GIVEN ENTRIES START

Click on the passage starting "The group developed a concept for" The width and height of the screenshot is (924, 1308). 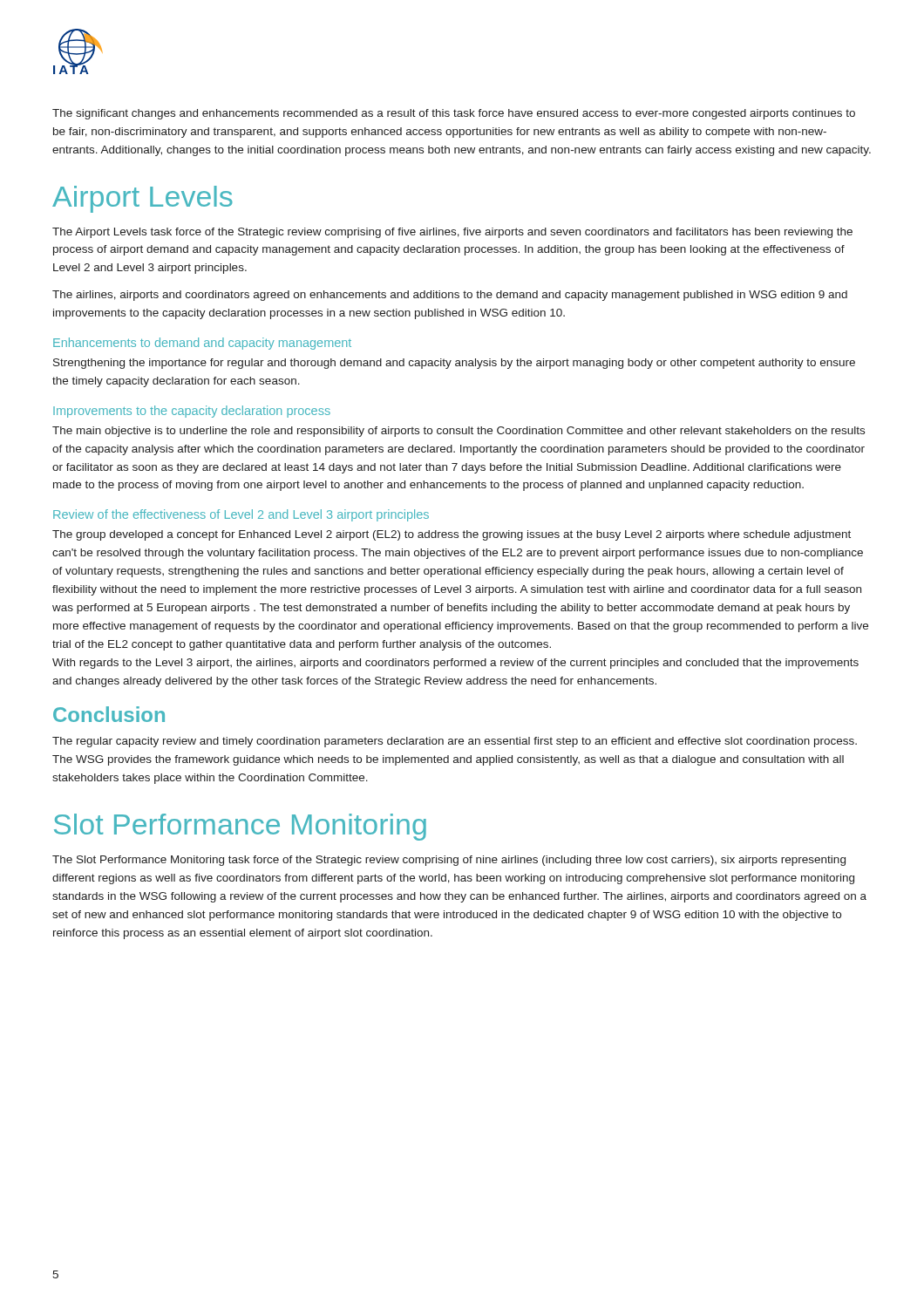[x=461, y=607]
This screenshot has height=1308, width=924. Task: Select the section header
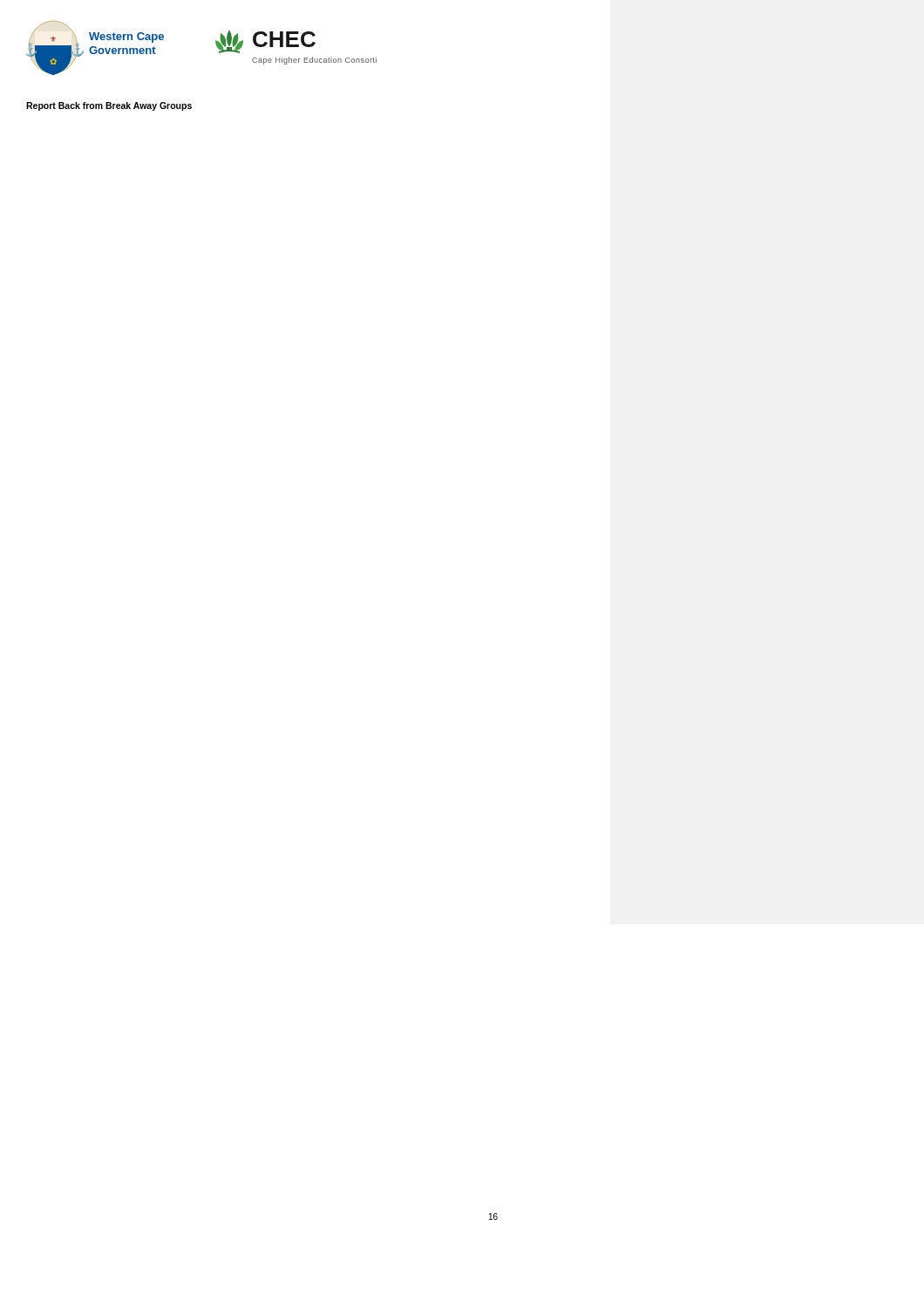(109, 106)
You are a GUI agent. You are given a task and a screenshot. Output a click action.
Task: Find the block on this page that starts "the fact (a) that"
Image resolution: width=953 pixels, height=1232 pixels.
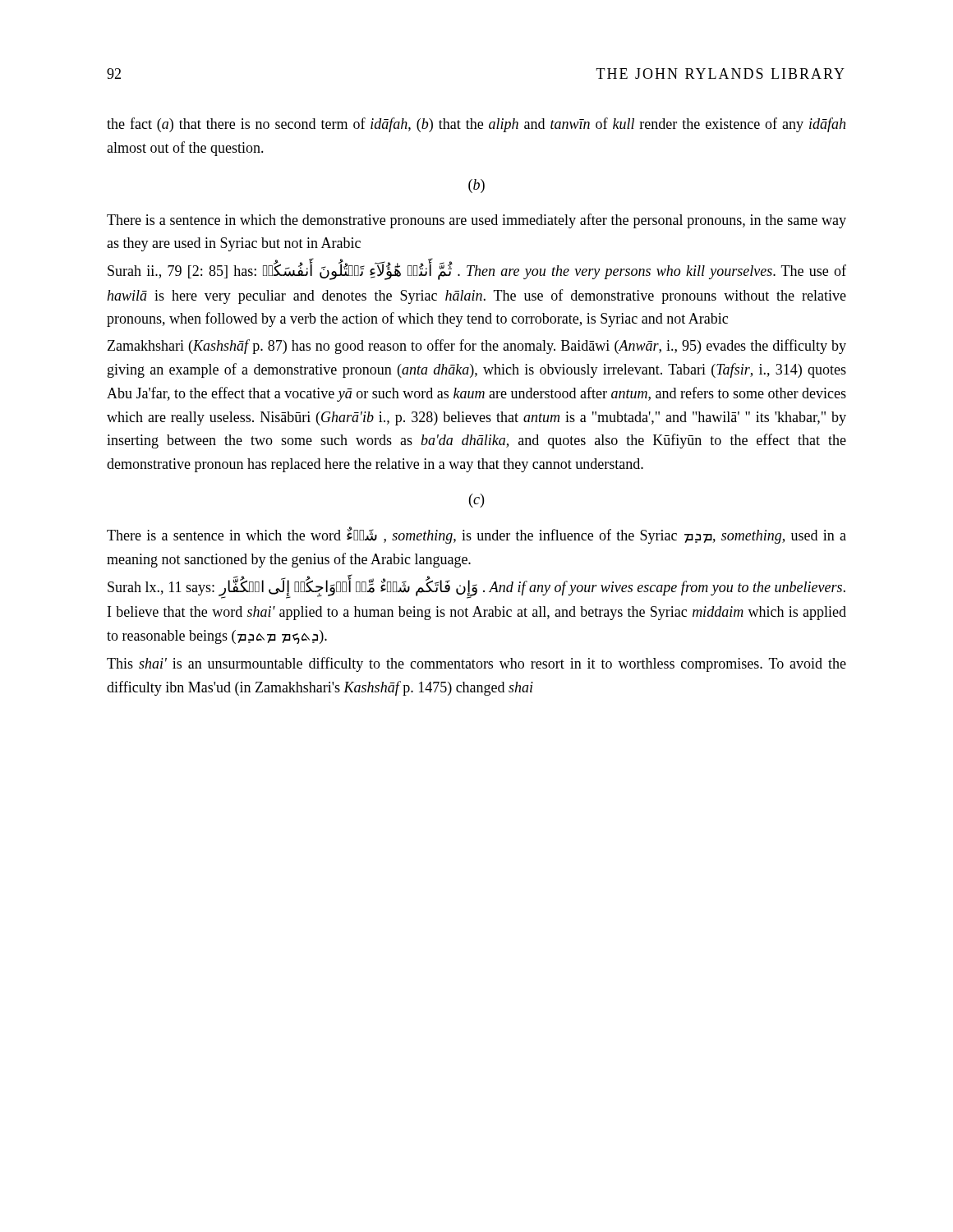476,136

GIVEN ENTRIES END

**TASK STATEMENT:** Copy out exactly the lines between the line containing "You are a GUI" and the end of the entries, including both, and leave the pictures behind.

**REPLY:**
You are a GUI agent. You are given a task and a screenshot. Output a click action.
Task: Find the block on this page that starts "the fact (a) that"
Image resolution: width=953 pixels, height=1232 pixels.
476,136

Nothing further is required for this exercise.